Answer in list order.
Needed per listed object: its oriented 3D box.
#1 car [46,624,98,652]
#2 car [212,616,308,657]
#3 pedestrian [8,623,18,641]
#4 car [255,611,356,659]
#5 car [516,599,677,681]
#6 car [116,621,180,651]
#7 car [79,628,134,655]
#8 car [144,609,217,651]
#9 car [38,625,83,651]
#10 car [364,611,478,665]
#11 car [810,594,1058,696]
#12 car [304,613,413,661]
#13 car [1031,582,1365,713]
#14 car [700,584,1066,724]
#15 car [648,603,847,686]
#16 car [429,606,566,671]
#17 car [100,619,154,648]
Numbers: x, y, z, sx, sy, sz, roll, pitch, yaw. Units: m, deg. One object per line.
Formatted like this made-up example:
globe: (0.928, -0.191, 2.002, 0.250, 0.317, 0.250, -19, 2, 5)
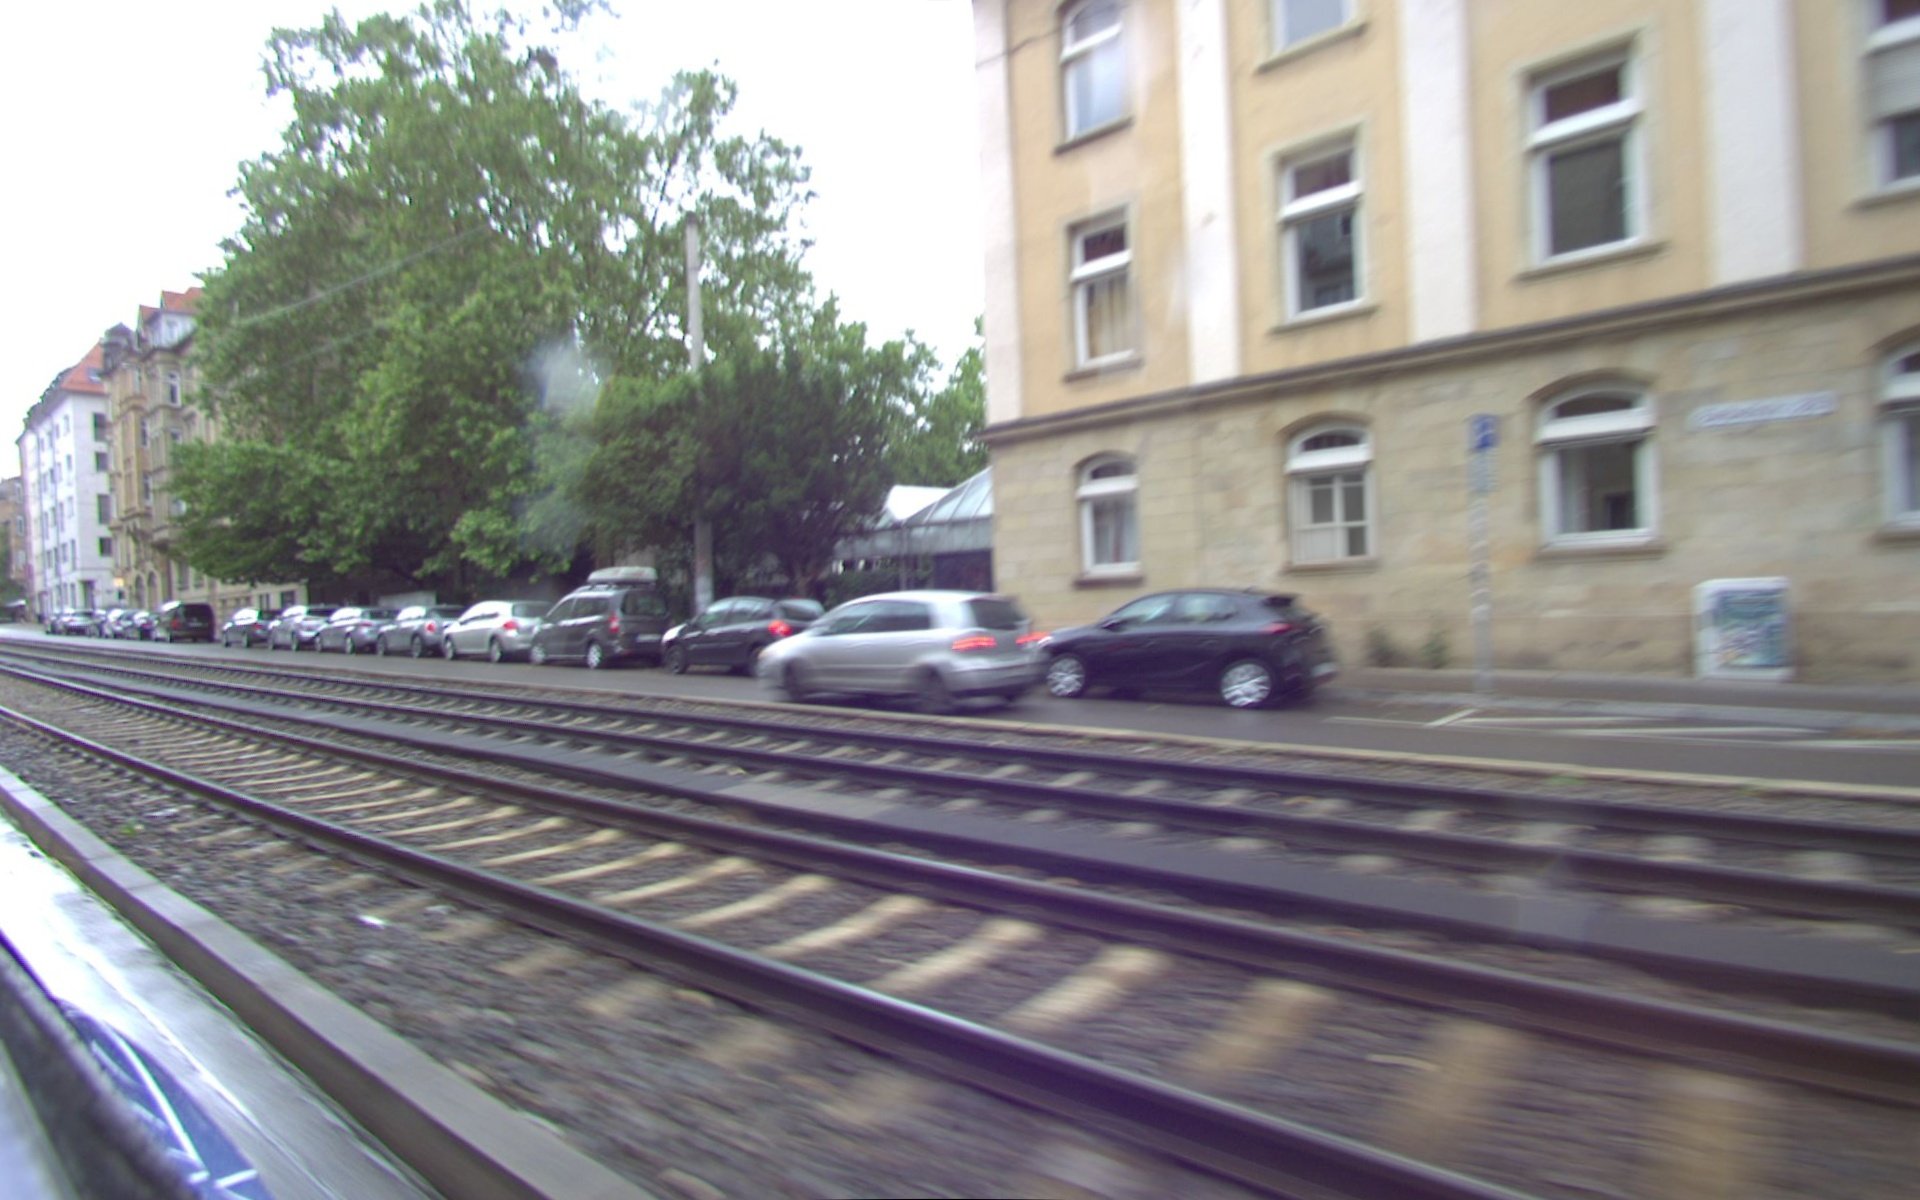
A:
car: (-57.130, 2.418, 65.076, 4.311, 1.665, 1.840, -2, 0, 40)
car: (-26.823, 1.371, 38.709, 4.545, 1.475, 1.831, -2, -2, 39)
pedestrian: (-93.873, 3.146, 100.342, 0.658, 1.731, 0.595, -2, 2, 43)
car: (-22.871, 1.214, 35.306, 4.540, 1.548, 1.736, -2, -2, 41)
car: (-8.160, 0.872, 22.561, 4.068, 1.655, 1.560, -2, -2, 40)
car: (-41.294, 1.815, 51.416, 4.266, 1.409, 1.744, -2, -2, 40)
car: (-49.640, 2.389, 58.850, 4.167, 1.519, 1.851, -2, -1, 41)
car: (-36.212, 1.384, 46.960, 4.815, 1.861, 1.782, -2, -2, 41)
car: (-60.714, 2.549, 68.269, 4.429, 1.614, 1.838, -2, -1, 43)
car: (-15.386, 1.072, 28.817, 3.950, 1.424, 1.523, -2, -2, 40)
car: (-0.510, 0.677, 15.897, 3.986, 1.401, 1.484, -2, -2, 42)
car: (-19.095, 1.168, 32.067, 4.150, 1.424, 1.736, -2, -2, 40)
car: (2.946, 0.577, 12.973, 3.849, 1.440, 1.598, -2, -1, 41)
car: (-1.106, 0.632, 13.074, 4.623, 1.516, 1.801, -2, 0, 35)
car: (-4.093, 0.813, 19.154, 4.009, 1.424, 1.657, -2, -2, 42)
car: (-11.763, 0.956, 25.624, 4.151, 1.517, 1.523, -2, -2, 40)
car: (-45.500, 1.822, 55.262, 3.853, 1.535, 1.677, -2, -1, 41)

### YOUR GOAL
From the material above, please return each line containing "object".

### EXPECTED OUTPUT
Needed per listed object: its oriented 3D box.
Numbers: x, y, z, sx, sy, sz, roll, pitch, yaw. Units: m, deg. One object per line.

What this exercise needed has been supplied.